Il y a de ces « petits » films magiques. Des longs métrages américains que l'on sous-estime - ou est-ce simplement s'en désintéresse trop rapidement? - qui nous transportent dans leur univers d'une manière particulière de sorte qu'on en demande davantage, jusqu'à entretenir de la déception lorsque défile le générique de fin. Promised Land n'est pas l'un des ces films visuellement incroyables qui nous obnubilent dès les prémisses, ni une oeuvre excitante qui nous maintient sur le bout de notre siège jusqu'à une conclusion renversante, mais c'est une histoire bien ficelée et d'actualité, des acteurs compétents ainsi qu'une réalisation qui nourrit efficacement un récit bien écrit et intelligent. Un long métrage qu'on peut aisément comparer à Good Will Hunting, pas uniquement pour ses artisans similaires (même réalisateur, même scénariste, Matt Damon), mais aussi pour la qualité de son récit dramatique, son rythme et ses valeurs analogues.
Promised Land parle de l'exploitation des sols par des compagnies milliardaires qui ne craignent guère les répercussions à long terme de leur appareillage sur la flore, la faune et les hommes qui vivent au-dessus. Un sujet, évidemment, contemporain et assez inédit au cinéma. Il n'y a pas de véritables méchants dans Promised Land. Les gens qui travaillent pour les riches entreprises minières le font pour gagner leur pain et les fermiers pauvres qui hésitent à confier leur avenir à des industriels se battent pour leurs biens et leurs valeurs. Dans le monde du cinéma américain, en général, on en vient toujours à classer les personnages en deux catégories; les bons et les méchants, c'est donc toujours très réconfortant de voir un film qui semble réfléchir avant de poser un jugement.
Alors que son ami de longue date Ben Affleck semble avoir trouvé sa place derrière la caméra, Matt Damon - qui a fait, tout de même, moins de mauvais choix que son copain en sélectionnant ses rôles à l'écran - nous démontre lui aussi une autre facette de son talent grâce à son travail de scénariste sur ce film.

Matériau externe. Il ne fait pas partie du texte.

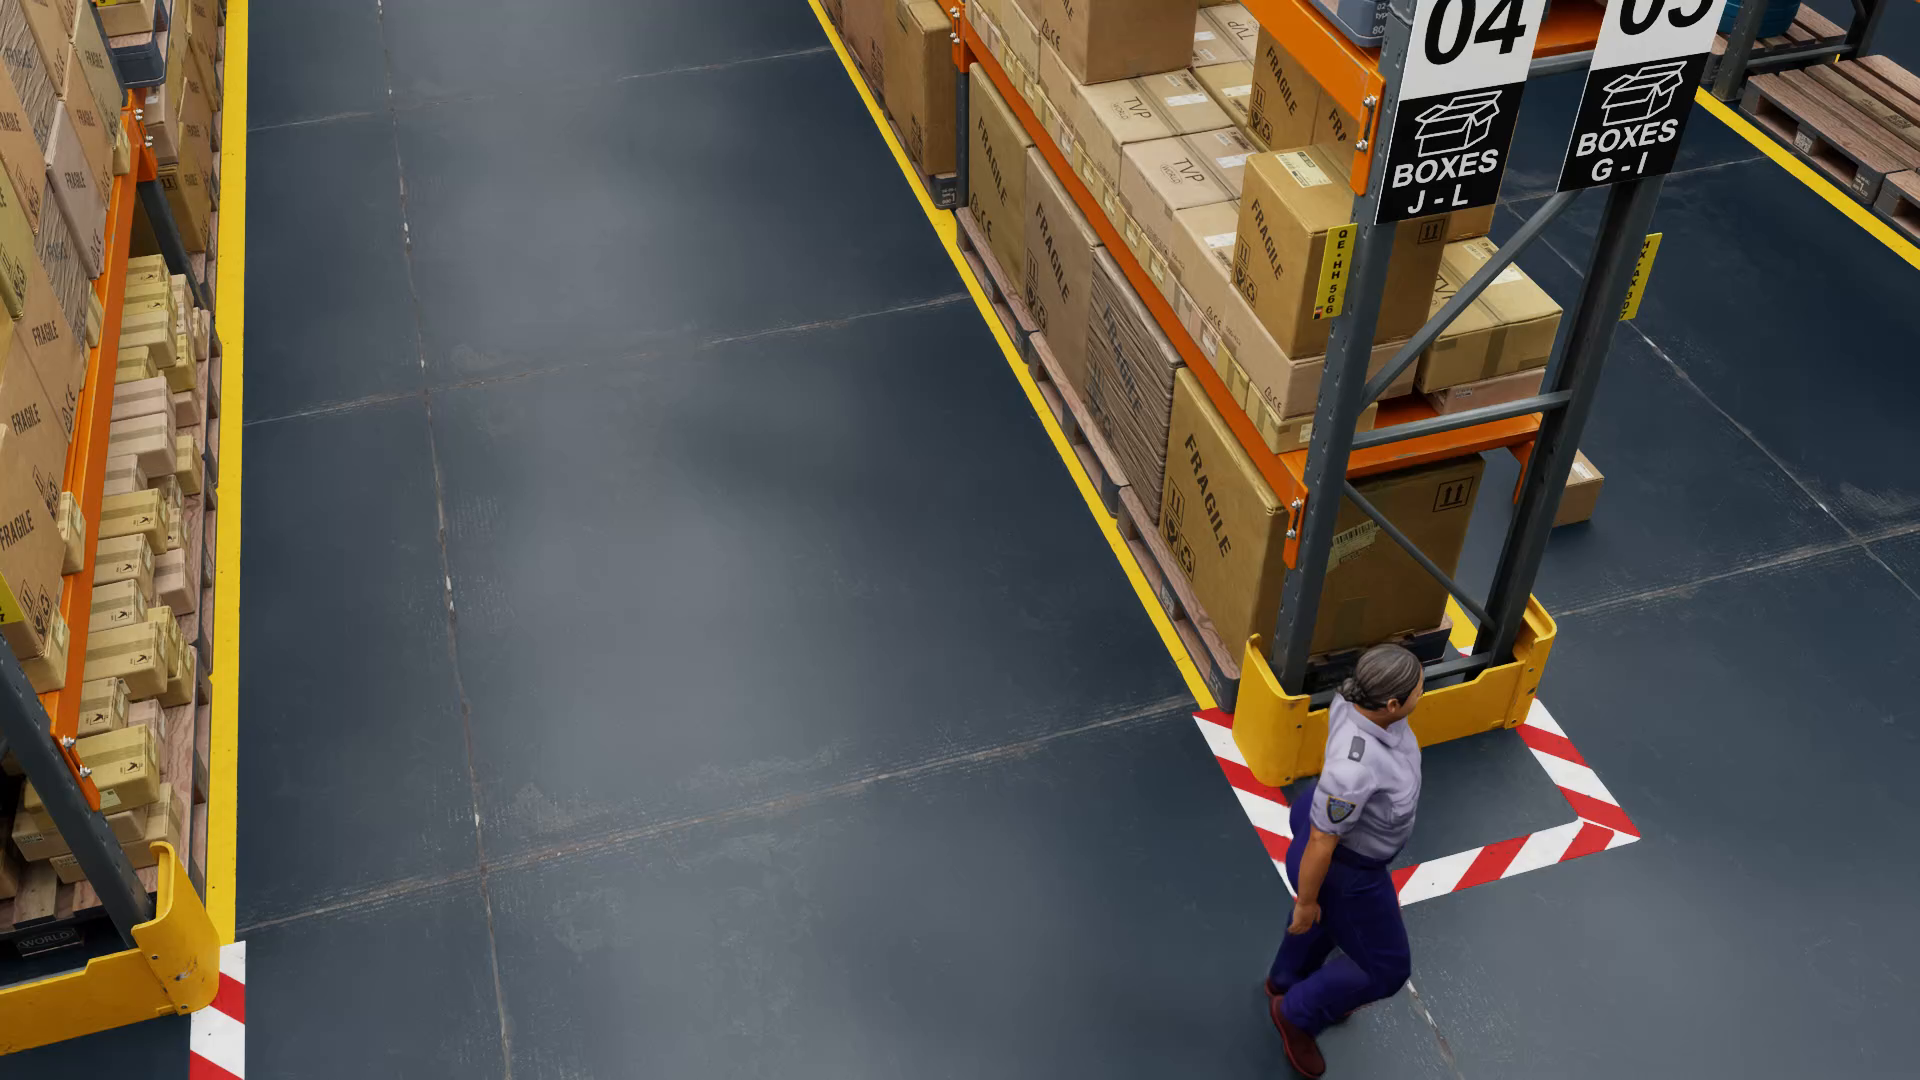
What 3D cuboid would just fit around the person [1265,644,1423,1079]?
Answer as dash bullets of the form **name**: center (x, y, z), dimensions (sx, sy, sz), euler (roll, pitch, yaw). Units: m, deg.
- **person**: center (1.216, 0.981, 5.089), dimensions (0.447, 1.650, 0.582), euler (11, 44, 11)

Parce que les textes sont effectivement l'une des principales qualités de Promised Land. Évidemment, comme il incarne le protagoniste de l'oeuvre, ses aptitudes de comédien sont aussi mises à l'épreuve et confirmées. Il livre une émouvante performance, tout comme Frances McDormand et John Krasinski, qui sont tous deux fort convaincants dans les rôles de la vendeuse et de l'environnementaliste frustré par les procédures insidieuses de l'entreprise de gaz naturel.
Gus Van Sant, d'ailleurs derrière quelques grands « petits » films comme Elephant et Restless, confirme ses qualités de réalisateur humaniste avec Promised Land. Ses plans serrés et révélateurs, ses angles parfois volontairement imparfaits et la fluidité de sa caméra permettent au spectateur de d'abord croire en l'histoire qui lui est racontée et ensuite, en l'honnêteté des sentiments qui y sont véhiculés. Promised Land est, en plus d'être un divertissement intelligent, un film utile et profond qui n'essaie de ressembler à rien ni à personne et qui s'assume en tant que drame social et humain d'admirable façon.